1階の天井は張らずに、配管を見せることで「工場のカッコよさ」を表現しています。外観のイメージとの統一感を出すために、床のパターンやブラインドの色にもこだわりました。階段や渡り廊下には穴の開いたパンチングメタルを使用し、奥の自然緑地まで視線が通るようになっています。建物の前に設けられたオープンスペースに置くテーブルやイスも建物のイメージに合うように何種類もの候補から選びました。オープンスペースは展示スペースとしても利用できるように、照明の位置も工夫してあります。
小西佐枝さん(理工学部4回生)

配置・外構
配置・外構

3つの建物の配置は単純な横並びでなく前後にずらしてあります。そうすることで、横の建物とのつながりを意識しつつ、敷地内に3つの庭をつくり出しています。そのうちの1つであるキャンパス側に開けたオープンスペースでは、コンクリートタイルの床にテーマカラーの鉄骨とブレースで組んだ屋根を架け、日常的な休憩・交流に加え、さまざまなイベントに対応できるよう配慮しています。オープンスペースを囲むように設えた人工木の階段は、ベンチとしても使えます。敷地内の舗装は透水性ブロックを用いたストライプ状のデザインとすることで、キャンパスから裏の自然緑地へとつながる奥行き感を演出しています。
棚橋弘貴さん(理工学部4回生)

アクトα

入居サークルの方に聞きました

ロボット技術研究会 代表 麻生翔太さん(理工学部3回生)

ロボット技術研究会 代表
麻生翔太さん(理工学部3回生)


ロボット技術研究会は、ロボットコンテスト(ロボコン)に出場するロボットをつくったり、生活を便利にするようなロボットを研究したりしています。部室では、各々がプログラムを組んだり、部品を組み立てたりしています。ロボットを保管するにはスペースが必要なので、以前の活動場所より少し広くなってよかったと思います。金属を切ったり、穴を開けたりという作業をするときは、共有スペースのラボを活用しています。
理工学部のプロジェクト団体が集まっているので連携しやすく、意識を高めあうことができます。他の団体の活動が見えるので、良い刺激を受けて、モチベーションも高まりますね。

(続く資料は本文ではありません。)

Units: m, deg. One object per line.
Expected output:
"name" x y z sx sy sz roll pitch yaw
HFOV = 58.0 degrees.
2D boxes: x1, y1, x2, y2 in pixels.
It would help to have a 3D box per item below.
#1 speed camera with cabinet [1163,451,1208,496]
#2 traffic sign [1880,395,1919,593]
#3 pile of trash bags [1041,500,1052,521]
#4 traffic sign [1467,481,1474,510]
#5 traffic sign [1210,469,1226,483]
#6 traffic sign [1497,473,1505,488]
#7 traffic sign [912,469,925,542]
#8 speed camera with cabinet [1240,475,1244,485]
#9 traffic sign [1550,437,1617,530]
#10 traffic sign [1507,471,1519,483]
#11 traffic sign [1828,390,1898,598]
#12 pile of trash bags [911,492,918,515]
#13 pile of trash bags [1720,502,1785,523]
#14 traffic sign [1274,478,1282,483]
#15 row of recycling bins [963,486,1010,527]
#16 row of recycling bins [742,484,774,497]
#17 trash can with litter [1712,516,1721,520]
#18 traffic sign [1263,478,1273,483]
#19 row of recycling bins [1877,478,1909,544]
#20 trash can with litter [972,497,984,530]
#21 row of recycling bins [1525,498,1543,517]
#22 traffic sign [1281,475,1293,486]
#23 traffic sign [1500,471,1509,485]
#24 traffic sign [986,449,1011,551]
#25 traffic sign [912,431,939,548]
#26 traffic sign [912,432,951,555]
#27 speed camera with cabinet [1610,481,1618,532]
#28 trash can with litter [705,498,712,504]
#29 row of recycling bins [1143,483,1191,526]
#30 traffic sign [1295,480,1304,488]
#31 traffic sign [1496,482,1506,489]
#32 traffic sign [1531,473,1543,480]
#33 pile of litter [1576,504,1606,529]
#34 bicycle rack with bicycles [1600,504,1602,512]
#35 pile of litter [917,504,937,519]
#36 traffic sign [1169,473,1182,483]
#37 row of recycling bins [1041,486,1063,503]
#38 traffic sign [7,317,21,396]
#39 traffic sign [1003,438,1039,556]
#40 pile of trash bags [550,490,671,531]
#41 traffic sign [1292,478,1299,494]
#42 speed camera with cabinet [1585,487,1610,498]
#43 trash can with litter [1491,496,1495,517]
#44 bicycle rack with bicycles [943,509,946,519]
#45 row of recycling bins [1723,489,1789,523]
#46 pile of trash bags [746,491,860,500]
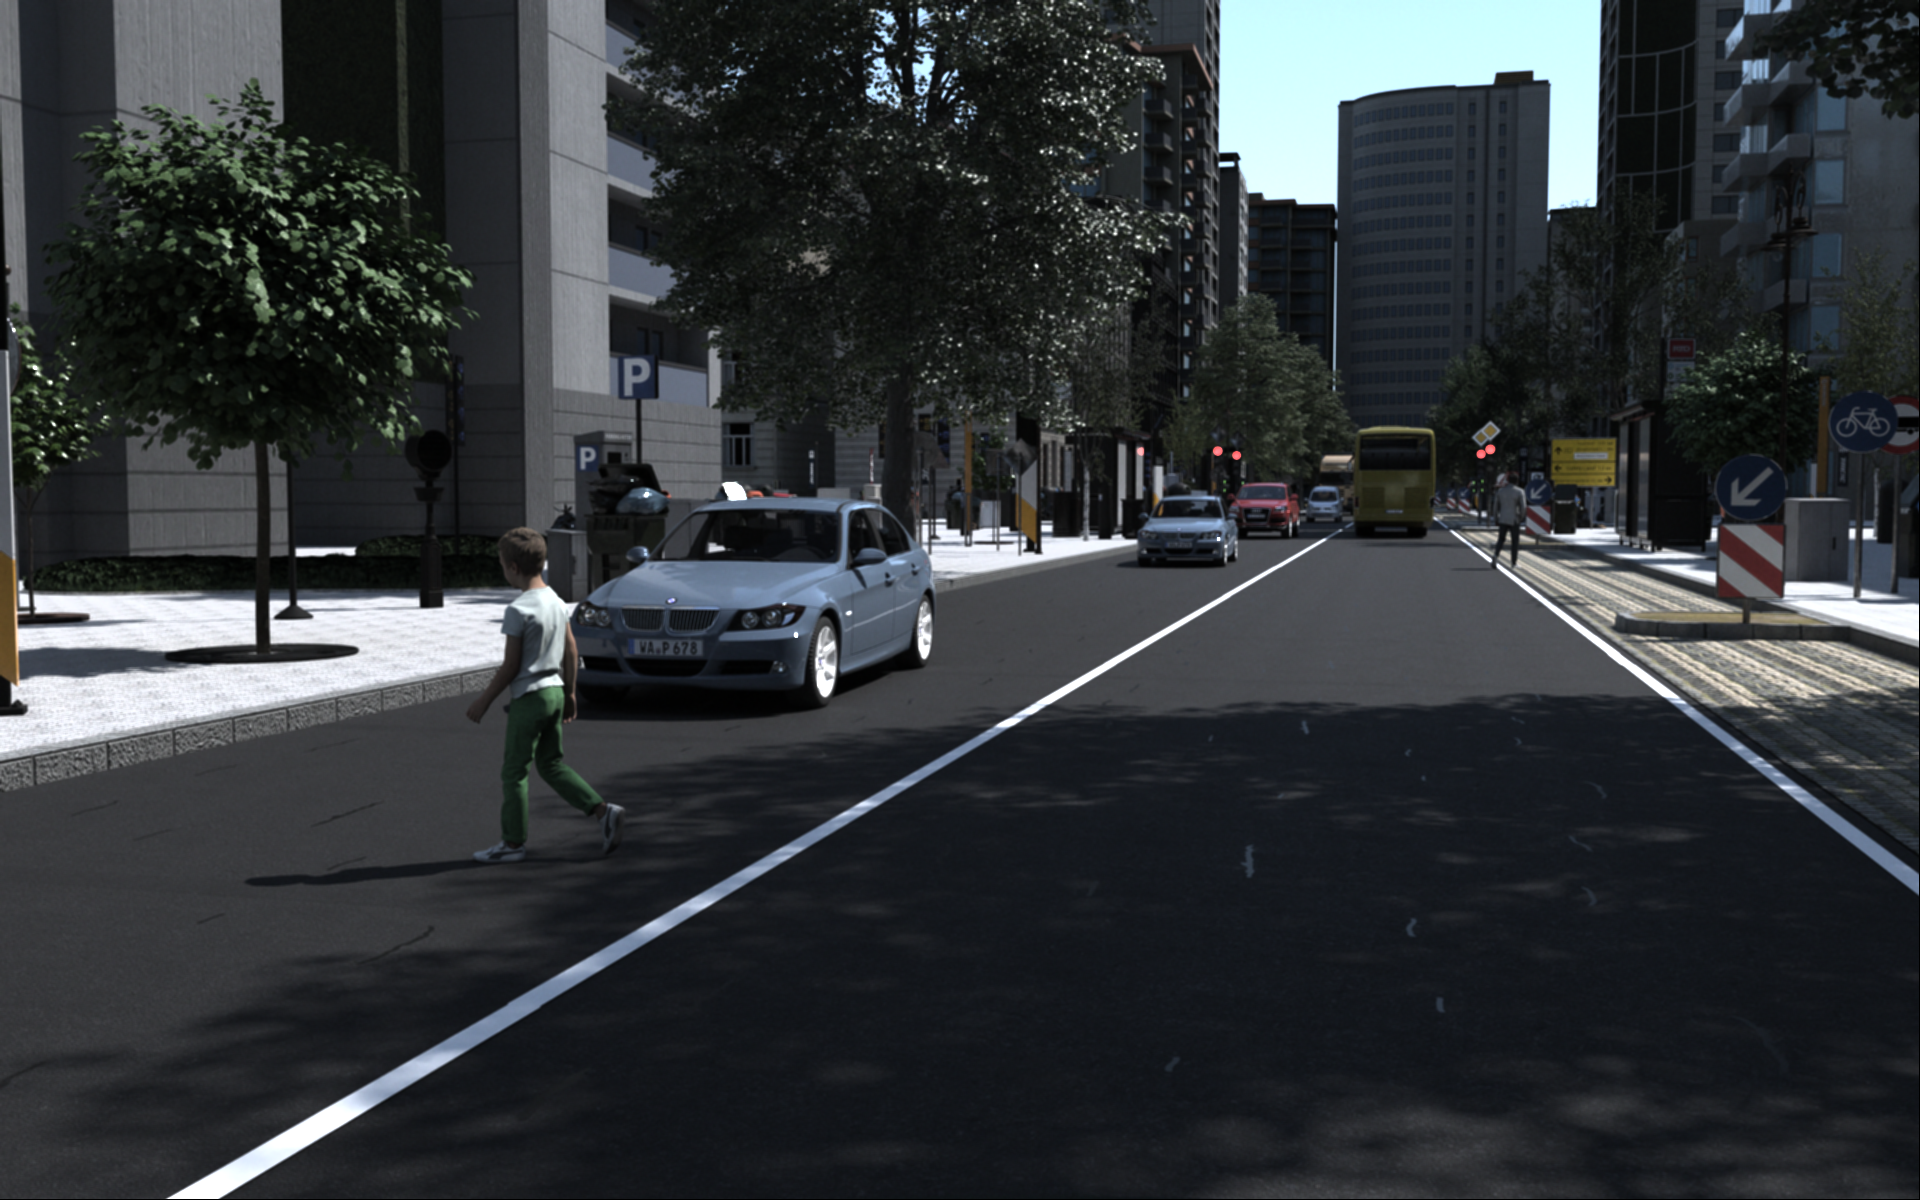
"speed camera with cabinet" 10.472 -5.280 80.662 2.038 3.252 0.660 0 4 -7
"traffic sign" 12.097 -1.360 22.344 0.768 2.556 0.104 1 4 17
"pile of trash bags" 2.907 -4.410 81.852 3.447 1.369 1.912 -2 4 -28
"traffic sign" 40.823 -8.437 137.949 0.884 2.594 0.081 1 4 15
"traffic sign" 11.963 -4.907 80.337 0.768 2.556 0.104 1 4 21
"traffic sign" 33.367 -6.505 106.463 0.768 2.556 0.104 1 4 23
"traffic sign" -1.050 -2.487 40.769 0.768 2.556 0.104 1 4 16
"speed camera with cabinet" 18.724 -7.327 114.125 2.038 3.252 0.660 -3 5 -43
"traffic sign" 22.509 -4.202 62.583 2.265 3.308 0.079 1 4 21
"traffic sign" 30.473 -5.825 95.339 0.768 2.556 0.104 1 4 22
"traffic sign" 11.121 -1.302 21.392 0.768 2.556 0.104 1 4 21
"pile of trash bags" -2.940 -3.661 69.612 3.447 1.369 1.912 3 4 36
"pile of trash bags" 28.500 -3.127 60.882 3.447 1.369 1.912 1 4 13
"traffic sign" 25.340 -8.414 137.671 0.768 2.556 0.104 2 4 23
"row of recycling bins" 1.115 -3.762 68.622 1.069 1.692 3.534 -2 4 -31
"row of recycling bins" -9.396 -3.950 71.703 3.534 1.692 1.069 1 4 12
"trash can with litter" 37.684 -4.649 87.066 1.678 1.210 2.233 2 4 27
"traffic sign" 24.786 -8.524 139.474 0.768 2.556 0.104 1 4 16
"row of recycling bins" 25.126 -2.255 43.984 1.069 1.692 3.534 -3 4 -36
"trash can with litter" 0.505 -3.064 61.486 0.624 1.170 1.055 0 4 6
"row of recycling bins" 28.296 -4.792 85.468 1.069 1.692 3.534 -1 4 -11
"traffic sign" 21.292 -6.890 112.762 0.768 2.556 0.104 1 4 16
"traffic sign" 30.539 -5.907 96.588 0.884 2.594 0.081 1 4 17
"traffic sign" 0.864 -2.266 39.174 0.606 2.300 0.079 1 4 18
"traffic sign" -0.809 -2.141 35.116 0.768 2.556 0.104 1 4 18
"traffic sign" -0.634 -2.232 36.497 0.884 2.594 0.081 1 4 15
"speed camera with cabinet" 22.396 -3.847 57.234 0.660 3.252 2.038 0 4 -6
"trash can with litter" -6.230 -2.084 45.456 1.055 1.170 0.624 0 4 6
"row of recycling bins" 6.649 -3.347 61.841 3.534 1.692 1.069 -2 4 -27
"traffic sign" 27.291 -8.454 139.410 0.795 2.450 0.064 1 4 18
"traffic sign" 39.252 -7.704 125.968 0.884 2.594 0.081 1 4 17
"traffic sign" 27.501 -4.921 82.584 0.606 2.300 0.079 1 4 21
"pile of litter" 23.566 -3.120 64.976 1.176 0.858 1.719 0 4 6
"bicycle rack with bicycles" 33.442 -4.682 89.939 2.925 0.926 2.852 1 4 16
"pile of litter" -1.948 -4.513 87.750 1.719 0.858 1.176 2 4 33
"traffic sign" 10.256 -4.921 82.581 0.606 2.300 0.079 1 4 22
"row of recycling bins" 4.832 -4.998 88.823 1.069 1.692 3.534 1 4 21
"traffic sign" -6.433 -0.684 11.286 0.768 2.556 0.104 1 4 17
"traffic sign" 1.243 -2.122 35.882 0.795 2.450 0.064 2 4 23
"pile of trash bags" -7.767 -1.825 39.598 1.912 1.369 3.447 2 4 28
"traffic sign" 27.387 -8.614 140.940 0.768 2.556 0.104 1 4 22
"speed camera with cabinet" 36.456 -6.483 100.338 2.038 3.252 0.660 0 4 -3
"trash can with litter" 30.548 -5.365 99.102 0.624 1.170 1.055 1 4 20
"bicycle rack with bicycles" 0.805 -4.485 86.712 2.852 0.926 2.925 -2 4 -27
"row of recycling bins" 34.427 -4.148 74.938 1.069 1.692 3.534 -1 4 -15
"pile of trash bags" -4.956 -2.656 53.176 3.447 1.369 1.912 -2 4 -25

ライフサイエンス研究会 代表 八軒知美さん(生命科学部2回生)

ライフサイエンス研究会 代表
八軒知美さん(生命科学部2回生)


ライフサイエンス研究会は、主に小学生向けに科学実験ショーをしたり、新しい実験を開発したりしています。アクトαは他の建物に比べて近代的で、スタイリッシュなデザインなので、とても良いと思います。学生団体が中心になってデザインをしたと聞き、すごいと思いました。
新しい部室はきれいで、水道の蛇口も多く、ガスバーナーも使えるので、実験を開発しやすくなりました。共用のテラス部分は科学ショーの練習に使っています。小学生向けの科学ショーでは大きくはっきり話さないと伝わりにくく、大きな声を出す練習が必要なのですが、外に開けているテラスはその練習に役立っています!